В феврале их еще раз накрыл снегопад. Почти двое суток дул северо-восточный ветер, наметая метровые сугробы на слежавшийся декабрьский снег. Ни один танк больше не пробивался через белую пустыню, поезда остановились, всякое движение замерло в бесконечном снегу.
Лишь еда должна была доставляться солдатам. Каждый вечер с наступлением темноты у землянок перед передним краем появлялись сани с провиантом, которые тянули две пристяжные лошади. На них доставлялся котел с дымящимся супом, мешки с замерзшим хлебом и сушеными овощами. Естественно, продовольственные сани следовали по заснеженной местности без звона бубенчиков. Они были скорее похожи на поезд-призрак, который беззвучно возникал в ночных сумерках, оставлял чан с супом и исчезал так же тихо, как и появлялся. К последним, еще сохранившимся правилам приличия относился следующий ритуал: сани с продовольствием никогда не обстреливались. Этого придерживались обе стороны.

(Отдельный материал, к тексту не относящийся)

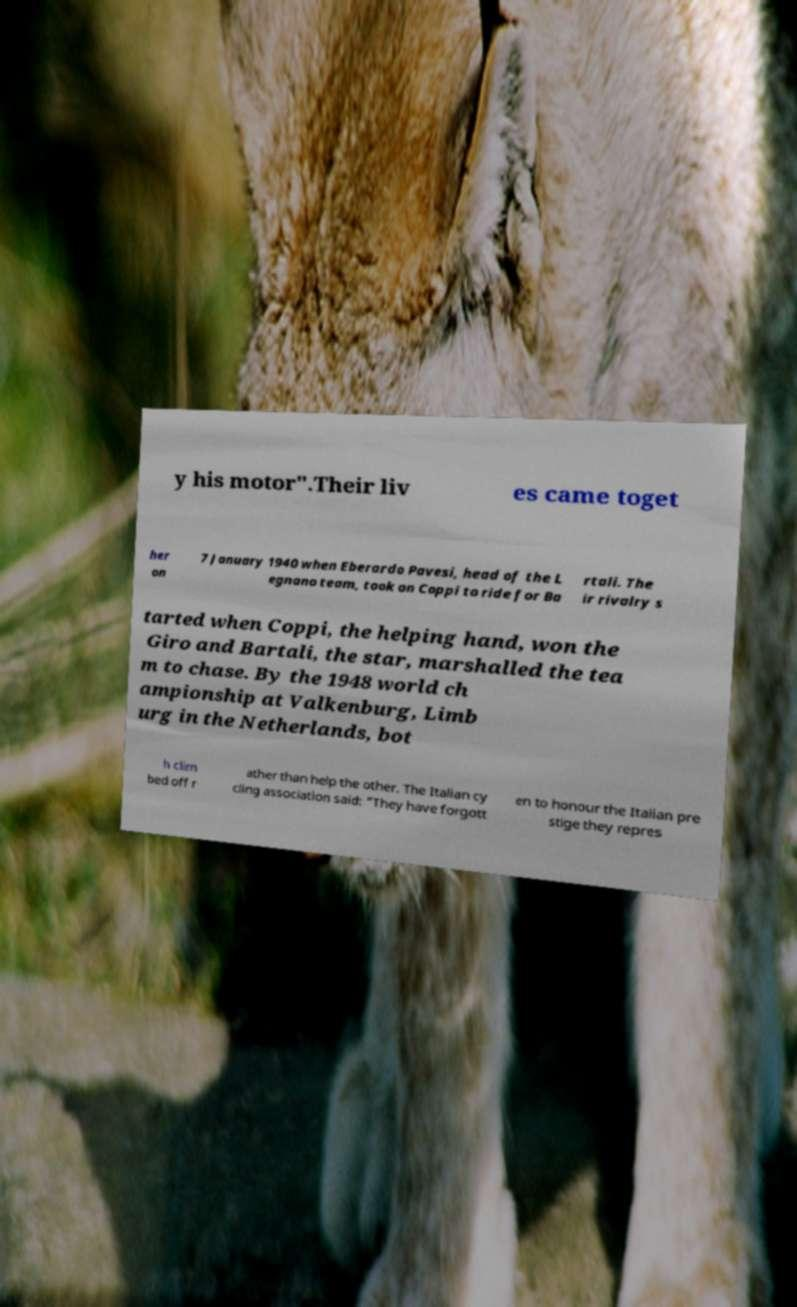What messages or text are displayed in this image? I need them in a readable, typed format. y his motor".Their liv es came toget her on 7 January 1940 when Eberardo Pavesi, head of the L egnano team, took on Coppi to ride for Ba rtali. The ir rivalry s tarted when Coppi, the helping hand, won the Giro and Bartali, the star, marshalled the tea m to chase. By the 1948 world ch ampionship at Valkenburg, Limb urg in the Netherlands, bot h clim bed off r ather than help the other. The Italian cy cling association said: "They have forgott en to honour the Italian pre stige they repres 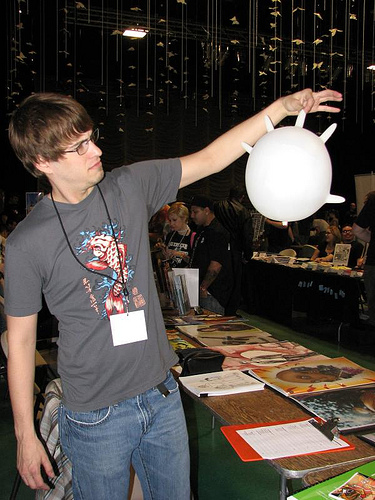<image>
Can you confirm if the name tag is under the shirt? No. The name tag is not positioned under the shirt. The vertical relationship between these objects is different. 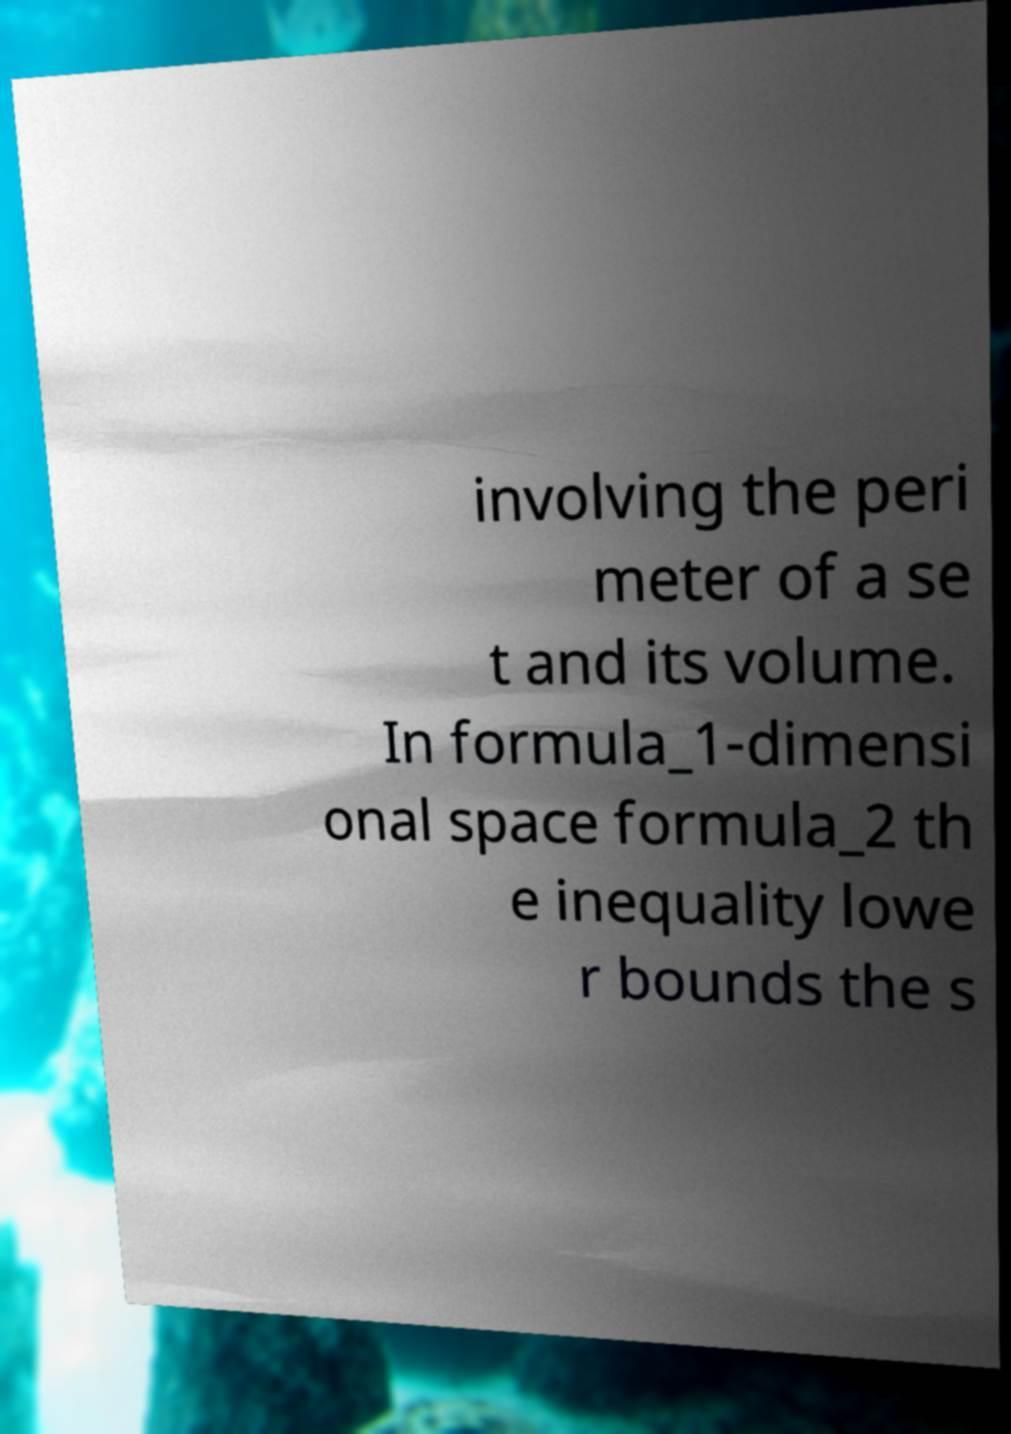What messages or text are displayed in this image? I need them in a readable, typed format. involving the peri meter of a se t and its volume. In formula_1-dimensi onal space formula_2 th e inequality lowe r bounds the s

В один из вечеров, когда снежная пурга никак не желала угомониться, сани с продовольствием не прибыли в положенное время. Проходил час за часом, и когда уже никто больше не надеялся получить теплого супа, Вальтер Пуш, стоявший на посту, вдруг услышал лошадиное фырканье. В свете, отражавшемся от снега, возникли очертания саней. Они остановились. Две фигуры спрыгнули с них. Когда Вальтер Пуш подошел поближе, то увидел ватные куртки и меховые шапки. Он снял винтовку с предохранителя, оба русских солдата подняли руки. Вальтер Пуш приблизился к саням и убедился, что оба солдата были безоружными. Они тоже везли в свои подразделения суп и мешок черствого хлеба. На их круглых лицах расплывалась широкая улыбка.
Появился Годевинд и спросил, что это за странные птицы.
— Русские солдаты, которые развозят еду. Они заблудились во время снежной вьюги.
— Надо хоть посмотреть, что у Ивана на ужин, — сказал Годевинд, поднял крышку чана и склонил нос над дымящимся супом.
— Капуста! Эти русские восемь раз в неделю едят капусту.
Годевинд подошел к лошадям, похлопал их по холке, поговорил с ними. Развозчики еды получили по сигарете. Вальтер Пуш щелкнул своей зажигалкой. Два немецких солдата и два русских развозчика стояли на воздухе, вокруг мела поземка, и курили. Никто не произносил ни слова. Суп остыл. Годевинд бросил окурок в снег, развозчики еды затушили свои окурки пальцами и засунули остатки в карманы.